The institutional stampede is on

BlackRock's digital asset pivot looks prescient now. Hedge funds, pension managers, and—yes—even cautious banks are racing to tokenize real-world assets on Ethereum's blockchain. The smart money's betting that programmable finance will eat Wall Street's lunch.

Tokenization 2.0: No longer just proof-of-concept

Forget the experimental phase. This $6 billion avalanche proves real-world assets—from treasury bonds to private equity—are going chain-native. The killer app? Instant settlements, 24/7 markets, and that sweet, sweet yield even Vanguard can't spin as 'transitory.'

Watch the suits scramble

Goldman's probably drafting a 200-page compliance memo as we speak. Meanwhile, Ethereum's network effects turn vicious—every new tokenized fund makes the next one easier to launch. The old guard can either adapt or watch their fees get arbitraged into oblivion by DeFi's robot armies.

One cynical footnote: Nothing unblocks corporate treasury wallets faster than FOMO and the fear of being outflanked by a 23-year-old crypto degenerate.

Top Firms Drive Token Growth

BlackRock leads the pack. The world’s largest asset manager holds the biggest share of tokenized AUM on Ethereum. Close behind are Franklin Templeton, WisdomTree, Superstate, Apollo and ONDO Finance. Franklin Templeton focused on parts of its US Government Money Fund.

WisdomTree launched funds you can buy through a mobile app. Superstate and Apollo each add smaller but steady sums. Based on reports, these six names together make up most of the $6 billion milestone.

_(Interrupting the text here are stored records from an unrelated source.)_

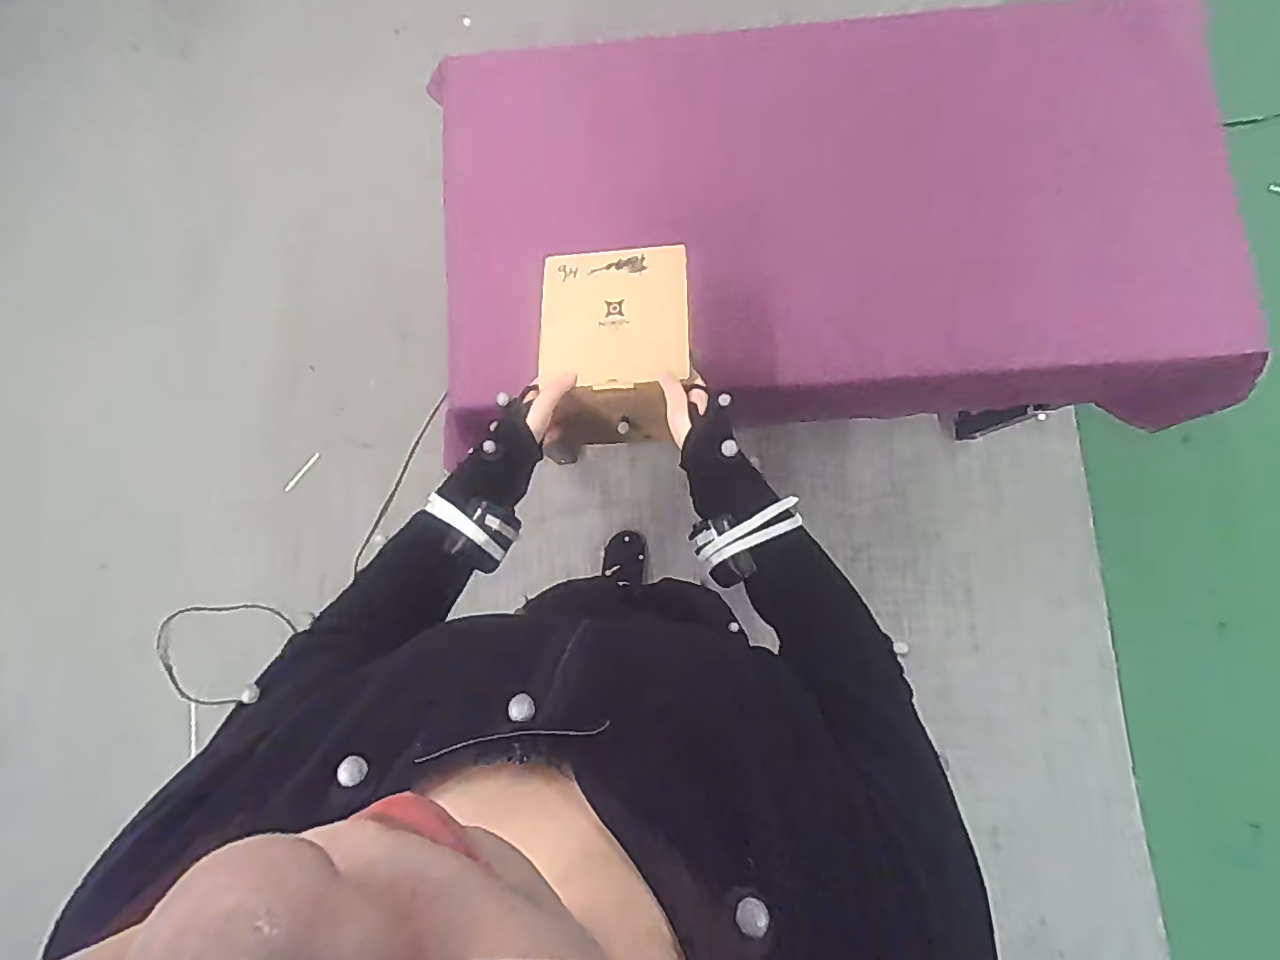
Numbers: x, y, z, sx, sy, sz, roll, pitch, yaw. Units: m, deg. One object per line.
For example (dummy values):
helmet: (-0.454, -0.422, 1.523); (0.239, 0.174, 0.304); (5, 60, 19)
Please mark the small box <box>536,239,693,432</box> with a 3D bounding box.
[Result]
small box: (-0.021, -0.165, 0.673); (0.168, 0.176, 0.179); (-2, 73, 7)
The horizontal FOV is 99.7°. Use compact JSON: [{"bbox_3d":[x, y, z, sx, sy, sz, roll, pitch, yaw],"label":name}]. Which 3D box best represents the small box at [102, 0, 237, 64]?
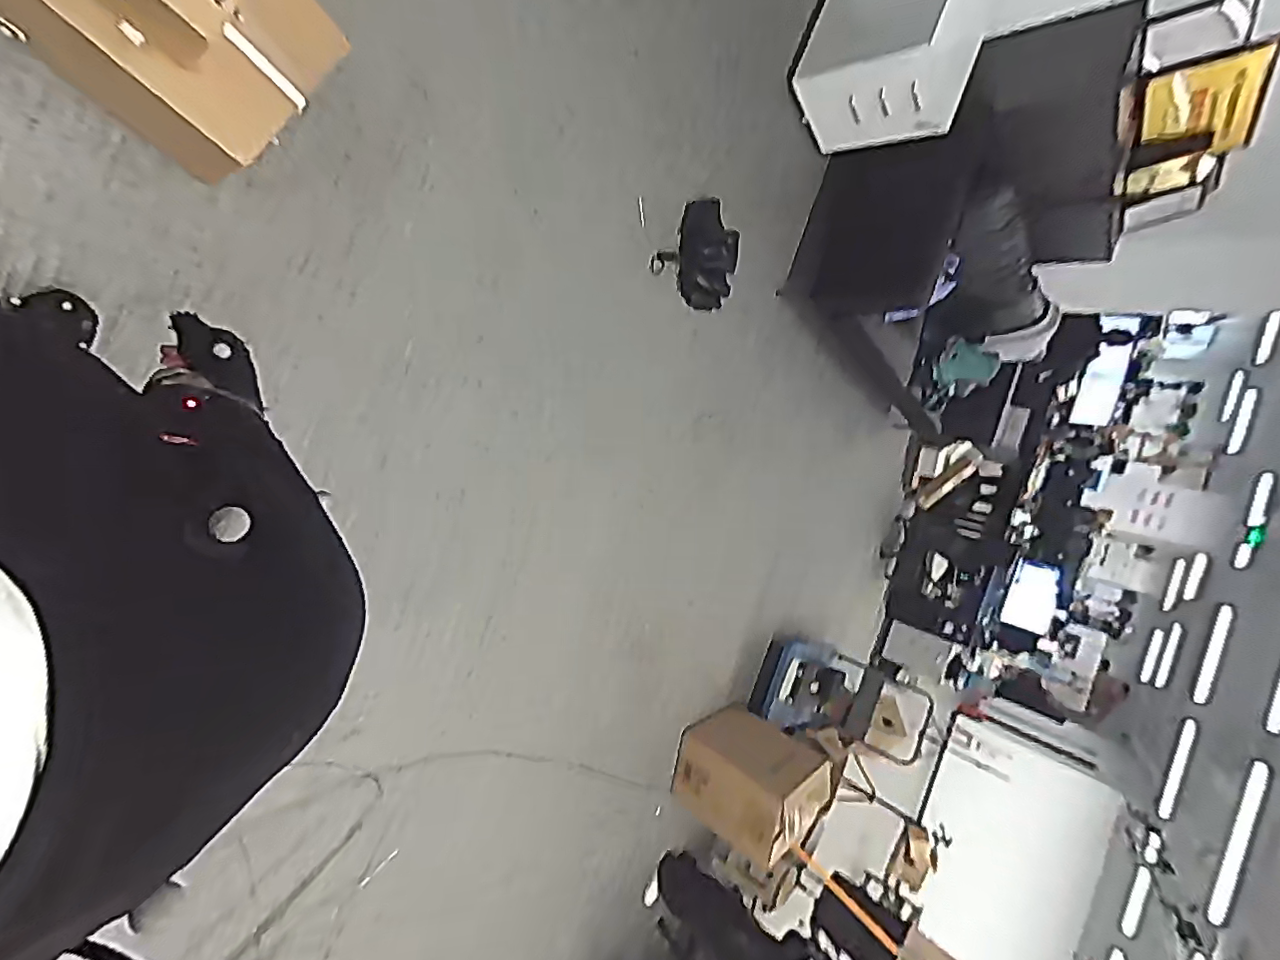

Tokenized AUM on @ethereum is at an all-time high

World’s biggest financial services firms & asset managers are tokenizing assets on Ethereum pic.twitter.com/5Xl4XXYQ3O

— Token Terminal📊(@tokenterminal) July 6, 2025

Adoption Speed Since Mid-2023

The climb didn’t happen in a day. Adoption started slowly around mid‑2023. It ROSE further in early 2024. Then by January 2025, the line on the stacked chart shot straight up.

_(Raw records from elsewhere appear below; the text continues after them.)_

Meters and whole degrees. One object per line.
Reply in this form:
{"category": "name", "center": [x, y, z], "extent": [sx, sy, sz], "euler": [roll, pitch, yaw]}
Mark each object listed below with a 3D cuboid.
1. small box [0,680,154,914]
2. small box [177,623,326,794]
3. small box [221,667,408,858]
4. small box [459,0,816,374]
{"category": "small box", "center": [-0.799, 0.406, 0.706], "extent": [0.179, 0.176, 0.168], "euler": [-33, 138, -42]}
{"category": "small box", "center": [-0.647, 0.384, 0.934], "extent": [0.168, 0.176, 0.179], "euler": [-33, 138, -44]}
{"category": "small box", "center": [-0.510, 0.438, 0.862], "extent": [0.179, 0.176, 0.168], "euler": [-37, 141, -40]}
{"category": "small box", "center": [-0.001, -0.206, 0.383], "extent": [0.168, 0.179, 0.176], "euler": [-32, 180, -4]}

That jump comes as BlackRock and Franklin Templeton pour in fresh tokens. Faster trades and fewer middlemen are big draws. Trades that once took days can now settle in minutes or seconds. That kind of speed appeals to big investors, who want clarity and a clear audit trail.

This push into tokenized finance shows a shift in how big firms manage money. Ethereum still faces questions about scaling. If gas fees jump again, trading costs could rise sharply.

On Rules & New Fund Types

Regulators in the US, Europe and Asia have yet to set clear rules. A clampdown in one region might push firms toward other chains or private blockchains. Competition from Solana, Avalanche and new networks is already heating up.

With $6 billion on‑chain, tokenized assets are past the trial stage. More firms will likely join once rules firm up and scaling solutions roll out. Markets could see new fund types, cross‑border trades and on‑chain yield tools. For now, Ethereum holds the lead. Yet the next hurdles—fee pressure, rule making and rival chains—will test whether it can keep growing.